As such, I’ve come up with an idea that is simple enough to understand and start working on right away, yet broad enough to provide plenty of opportunity to demonstrate some different techniques. And the idea is…. a website about BEER.
Bring us Pints of Beer

Specifically, the site will be a review website, where beer critics (i.e. me) will taste as many different beers as possible and write reviews on them. Users will be able to comment on the reviews, or write their own. There will be plenty of opportunity for discussion and interaction on the website, bringing it in line with modern standards. There will be social media integration, typical content management and, well, lots of things. The features will definitely need to be hammered out later using a more formal process.
Generality
It is my intention that the resulting schema for the website will be generic. In this regard, the database and the data access layer will be designed so that it is subject-agnostic, that is, it could be used to build a website that reviews anything, not just beer. While for many endeavours this may seem unnecessary, I wanted to add an extra challenge to the database design phase and to showcase the flexibility of reusable code.
Aims and Objectives
It’s important to identify the major goals of a project. State what you want to achieve, then base every design decision, from database to interface, on the fulfilment of one or more of these objectives.

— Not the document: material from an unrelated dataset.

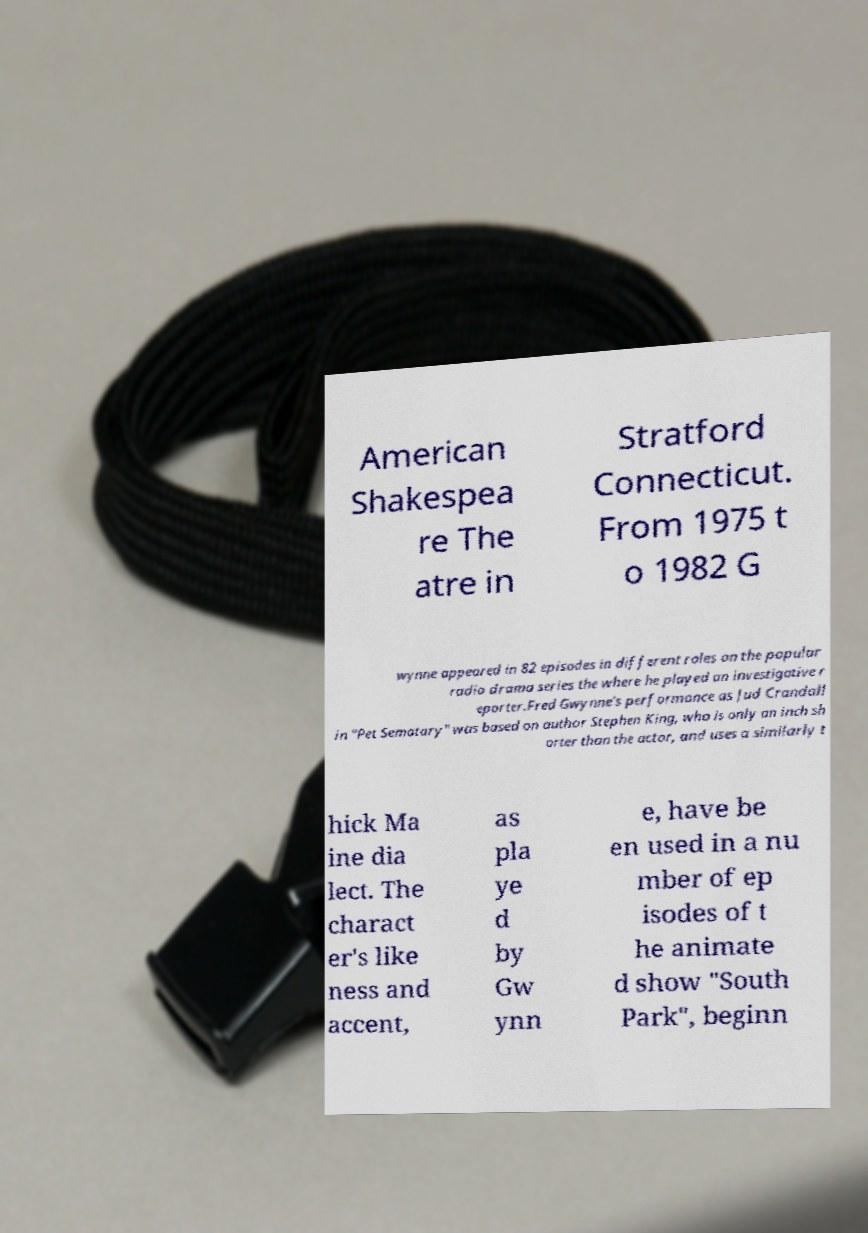Could you extract and type out the text from this image? American Shakespea re The atre in Stratford Connecticut. From 1975 t o 1982 G wynne appeared in 82 episodes in different roles on the popular radio drama series the where he played an investigative r eporter.Fred Gwynne's performance as Jud Crandall in "Pet Sematary" was based on author Stephen King, who is only an inch sh orter than the actor, and uses a similarly t hick Ma ine dia lect. The charact er's like ness and accent, as pla ye d by Gw ynn e, have be en used in a nu mber of ep isodes of t he animate d show "South Park", beginn

For example, suppose that you’re designing a commercial airliner. The primary aims of the product could be safety, efficiency and capacity, for instance. During the design process, someone incorporates mounted chainsaws on the wings and a laser rock show in lavatory. Awesome? Maybe. Does it increase safety, efficiency or capacity? Not in the slightest.
The aims and objectives for this project are:
- Learn New Things
- Improve Existing Knowledge
- Showcase Design and Implementation Techniques
- Have Fun
I have… things to do

There is a growing list of things to get done in the next few posts. This is by no means a complete list, and is intended cover only the initial stages. In rough order:
- Concept Map
This is a turgid swamp of ideas excreted from your brain onto a page. It’s kind of like brainstorming, but with a less awesome name.
- Investigation
I will be doing some minimal user investigation, mainly by asking myself questions but possibly interviewing others. In a serious project, you’d normally take this stage quite seriously; maybe invest some money in paid research.
- User Stories
From the investigation comes the user stories. At this stage, this will not be descriptive of the user interface. Rather, the user stories here will be a description of what kind of functions a user should be able to perform and what entities within the discourse they should be interacting with. An example would be: As a beer critic, when I publish a review I want a link posted on Twitter so my followers know about it. Simple stuff, really.
- Universe of Discourse
This is a list of all the entities that exist within the context of the website. This entry will be an informal and unstructured description of all the things that the system needs to be aware of. The structure will come as part of the…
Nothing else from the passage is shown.